### Task
Once the pictures are set aside, copy everything else in the records exactly.
[[ Data, beginning ]]
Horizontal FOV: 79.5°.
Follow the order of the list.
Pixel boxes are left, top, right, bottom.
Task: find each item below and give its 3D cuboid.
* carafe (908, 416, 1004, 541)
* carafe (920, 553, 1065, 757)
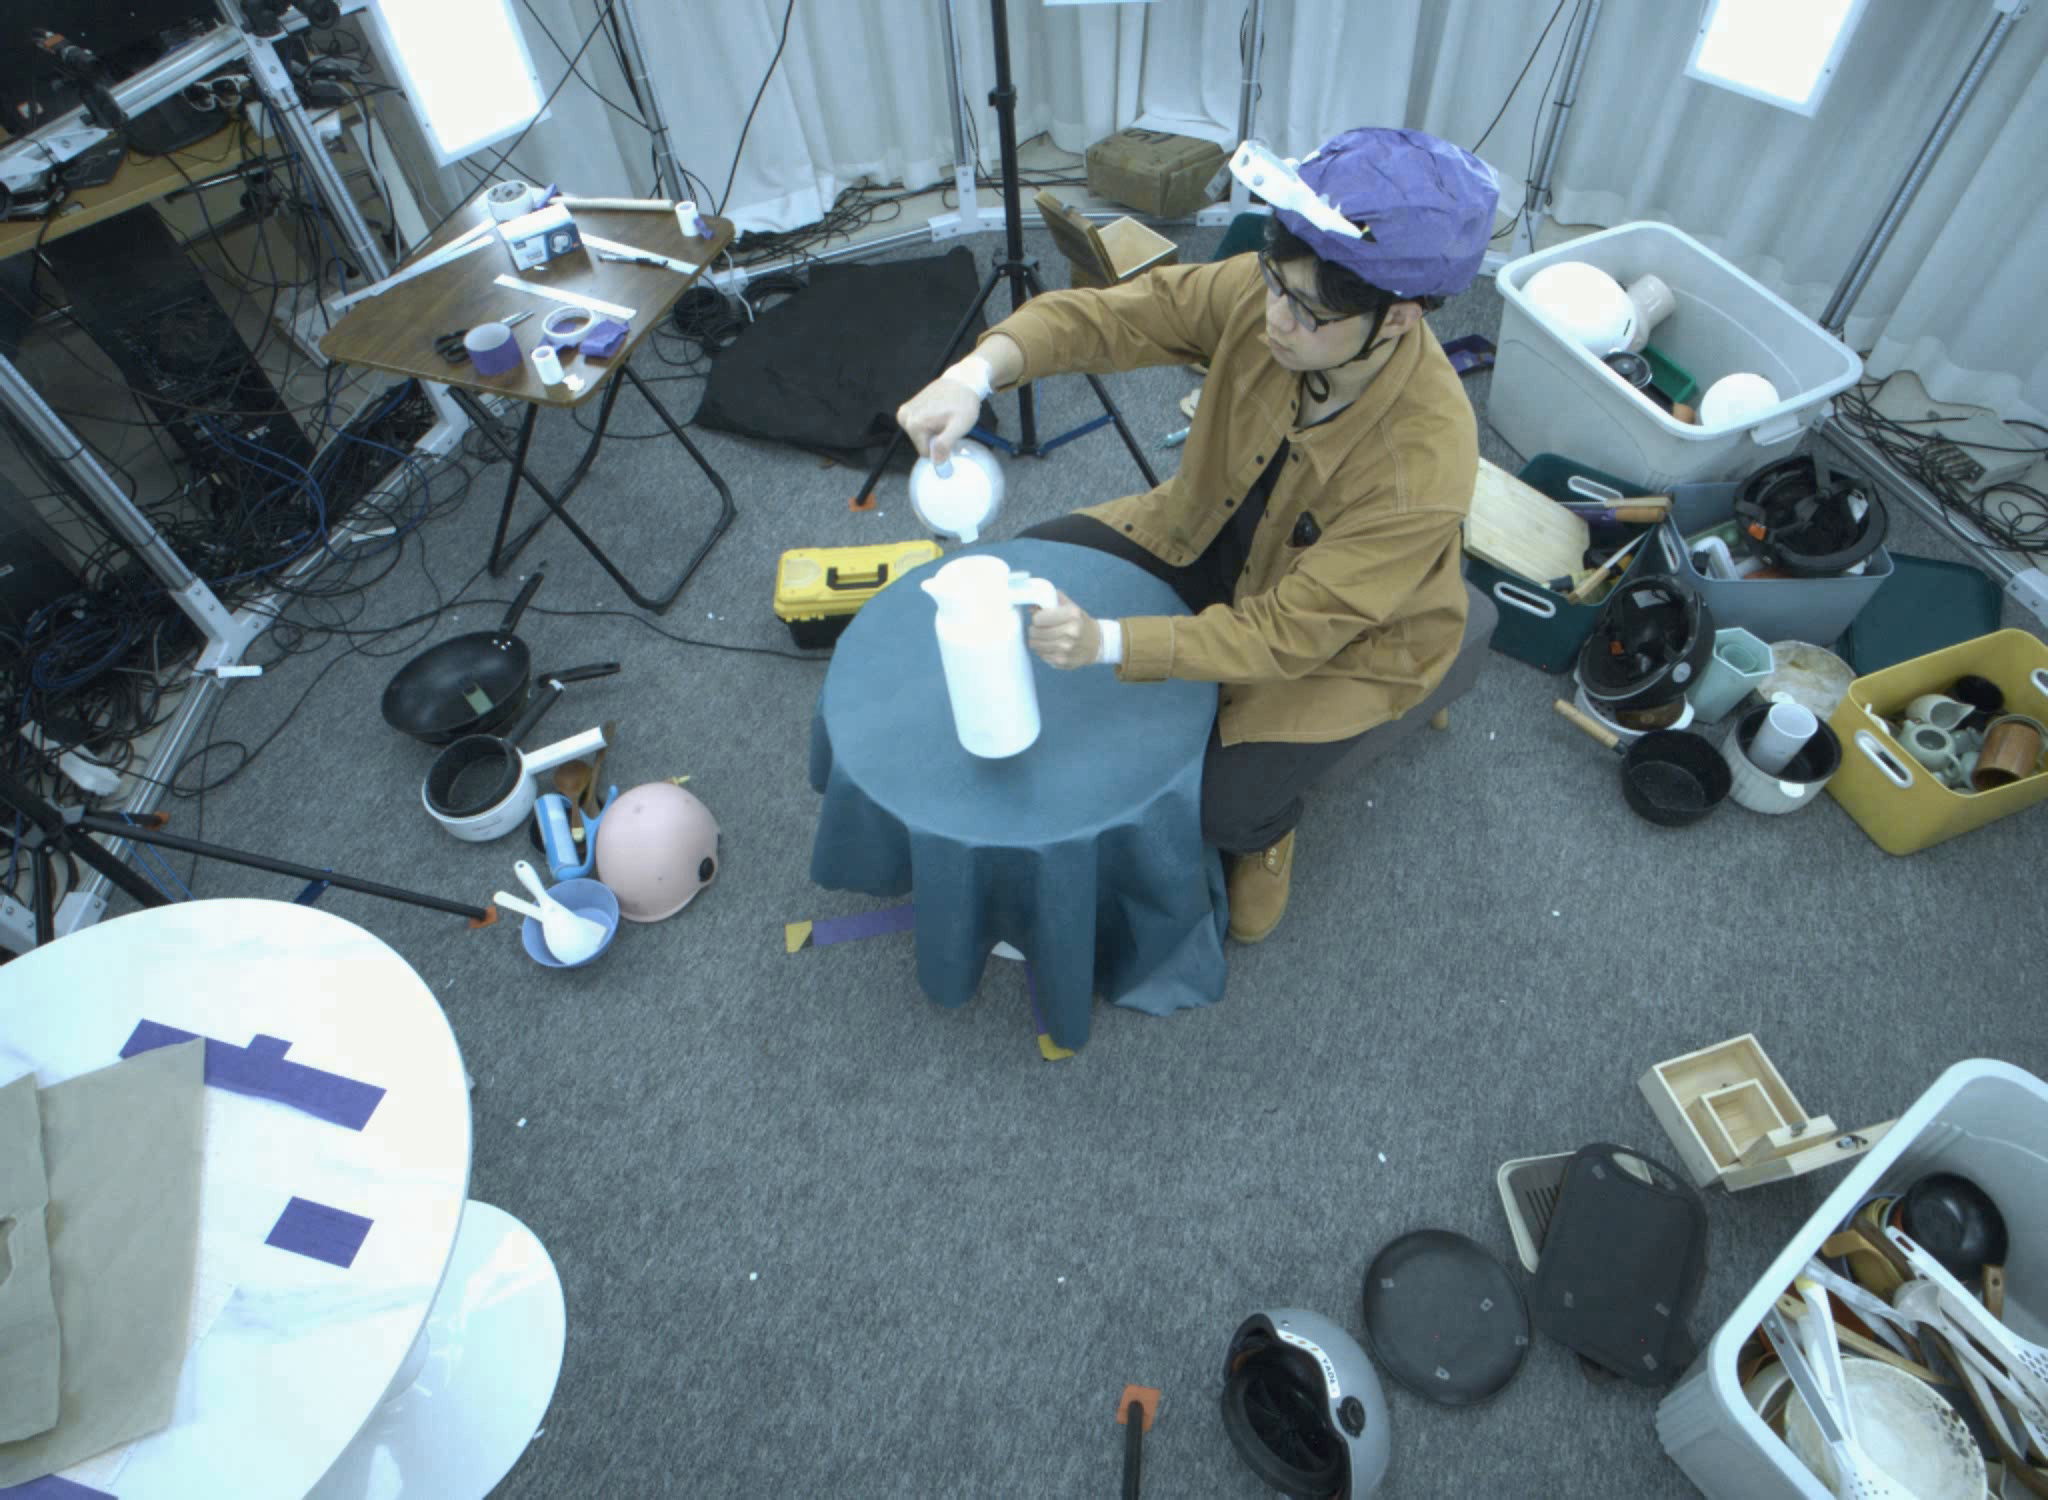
[{"bbox_3d":[-0.098,-0.363,1.604,0.132,0.169,0.246,-19,15,2],"label":"carafe"},{"bbox_3d":[-0.033,-0.124,1.631,0.172,0.272,0.123,-2,41,7],"label":"carafe"}]
[[ Data, end ]]
### Worked solution
Horizontal FOV: 79.5°.
Follow the order of the list.
Pixel boxes are left, top, right, bottom.
Task: find each item below and give its 3D cuboid.
* carafe (908, 416, 1004, 541)
* carafe (920, 553, 1065, 757)
[{"bbox_3d":[-0.098,-0.363,1.604,0.132,0.169,0.246,-19,15,2],"label":"carafe"},{"bbox_3d":[-0.033,-0.124,1.631,0.172,0.272,0.123,-2,41,7],"label":"carafe"}]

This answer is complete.